Wednesday, November 28, 2007

Existing Home Sales Drop

From Bloomberg:

Purchases of existing homes dropped 1.2 percent to an annual rate of 4.97 million, the fewest since the National Association of Realtors began keeping the records in 1999. Orders for items made to last several years fell 0.4 percent, the Commerce Department said today in Washington.


There are only two numbers that are important in this report: inventory and months of supply.



Inventory is still sky high.



And months of inventory available is still increasing.

And this isn't including any of the projected foreclosures for next year.

Simply put, this is called a "super-glut".

2 comments:

Mark Twain said...

This caused me to wonder...

As the number denoting the purchases of existing homes continues to fall, and the inventory of homes for sale increases (or plateaus), it seems that the months of supply number will continue to increase, as the "average" (homes purchased per month) used to compute months of supply continues to fall.

Each movement (purchases continuing to fall/inventory continuing to increase) will magnify the increase in months of supply.

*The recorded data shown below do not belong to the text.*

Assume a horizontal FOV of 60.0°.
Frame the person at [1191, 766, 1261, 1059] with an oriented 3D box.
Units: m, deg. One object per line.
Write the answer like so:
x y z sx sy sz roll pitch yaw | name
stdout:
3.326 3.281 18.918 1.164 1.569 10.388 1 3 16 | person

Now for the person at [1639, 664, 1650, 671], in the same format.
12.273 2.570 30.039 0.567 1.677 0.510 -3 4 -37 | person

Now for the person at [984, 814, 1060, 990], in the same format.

It is possible that the months of supply number will remain at (or above) its current level for a very long time (i.e. much longer than is forecasted).

bluestatedon said...

The housing glut continues to get worse, durables have declined for a full quarter, and there are good reasons to be very skeptical of the employment figures.

And yet the market it up big time today over hints from the Fed there will be a further reduction in interest rates. Is it just me, or is there a massive disconnect between the very-well-paid folks on Wall Street and the folks struggling to pay their heating bills on Main Street?